Spinal Cord and Brain Injury Research Center, Chandler Medical Center, University of Kentucky, USA.
Brain Res. 2010 Apr 6;1323:161-73. doi: 10.1016/j.brainres.2010.01.067. Epub 2010 Feb 1.
Traumatic brain injury can initiate an array of chronic neurological deficits, effecting executive function, language and sensorimotor integration. Mechanical forces produce the diffuse pathology that disrupts neural circuit activation across vulnerable brain regions. The present manuscript explores the hypothesis that the extent of functional activation of brain-injured circuits is a consequence of initial disruption and consequent reorganization. In the rat, enduring sensory sensitivity to whisker stimulation directs regional analysis to the whisker barrel circuit. Adult, male rats were subjected to midline fluid percussion brain or sham injury and evaluated between 1day and 42days post-injury. Whisker somatosensory regions of the cortex and thalamus maintained cellular composition as visualized by Nissl stain. Within the first week post-injury, quantitatively less cFos activation was elicited by whisker stimulation, potentially due to axotomy within and surrounding the whisker circuit as visualized by amyloid precursor protein immunohistochemistry. Over six weeks post-injury, cFos activation after whisker stimulation showed a significant linear correlation with time in the cortex (r(2)=0.545; p=0.015), non-significant correlation in the thalamus (r(2)=0.326) and U-shaped correlation in the dentate gyrus (r(2)=0.831), all eventually exceeding sham levels. Ongoing neuroplastic responses in the cortex are evidenced by accumulating growth associated protein and synaptophysin gene expression. In the thalamus, the delayed restoration of plasticity markers may explain the broad distribution of neuronal activation extending into the striatum and hippocampus with whisker stimulation. The sprouting of diffuse-injured circuits into diffuse-injured tissue likely establishes maladaptive circuits responsible for behavioral morbidity. Therapeutic interventions to promote adaptive circuit restructuring may mitigate post-traumatic morbidity.

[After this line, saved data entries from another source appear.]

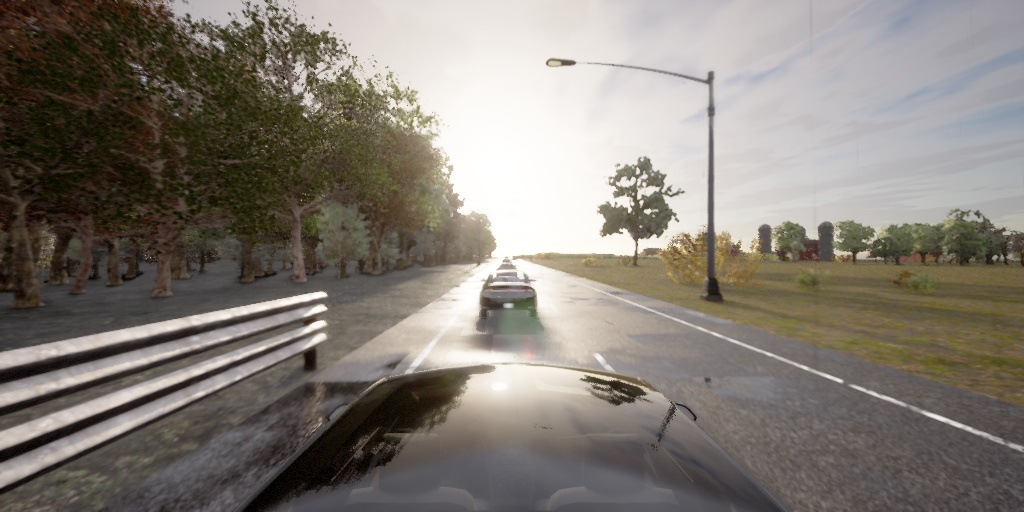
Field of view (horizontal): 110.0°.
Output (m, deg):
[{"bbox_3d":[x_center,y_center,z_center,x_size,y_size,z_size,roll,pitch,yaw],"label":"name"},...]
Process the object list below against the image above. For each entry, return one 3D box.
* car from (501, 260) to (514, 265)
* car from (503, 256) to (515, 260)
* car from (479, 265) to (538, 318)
[{"bbox_3d":[-0.444,1.311,33.714,1.994,1.385,4.181,0,0,-1],"label":"car"},{"bbox_3d":[-0.904,1.236,64.085,1.837,1.490,4.892,0,0,-1],"label":"car"},{"bbox_3d":[-0.133,1.249,12.948,2.128,1.511,4.902,0,0,-1],"label":"car"}]

创伤性脑损伤会引发一系列慢性神经功能缺陷,影响执行功能、语言和感觉运动整合。机械力产生弥漫性病变,破坏易损脑区的神经回路激活。本文探讨了这样一种假设,即脑损伤回路的功能激活程度是初始破坏和随后重组的结果。在大鼠中,对胡须刺激的持久感觉敏感性将区域分析指向胡须桶状回路。成年雄性大鼠接受中线液冲击性脑损伤或假手术,并在损伤后 1 天至 42 天进行评估。皮质和丘脑的胡须体感区保持细胞组成,如尼氏染色所示。在损伤后第一周内,由胡须刺激引起的 cFos 激活定量减少,可能是由于胡须回路内和周围的轴突切断,如淀粉样前体蛋白免疫组化所示。在损伤后六周内,由胡须刺激引起的 cFos 激活与皮质中的时间呈显著线性相关(r²=0.545;p=0.015),在丘脑呈非显著相关(r²=0.326),在齿状回呈 U 形相关(r²=0.831),所有这些最终都超过了假手术水平。皮质中持续的神经可塑性反应表现为生长相关蛋白和突触小体蛋白基因表达的积累。在丘脑,可塑性标志物的延迟恢复可能解释了随着胡须刺激,神经元激活向纹状体和海马区广泛分布的现象。弥漫性损伤回路向弥漫性损伤组织的发芽可能建立了导致行为发病率的适应性不良回路。促进适应性回路重构的治疗干预可能减轻创伤后发病率。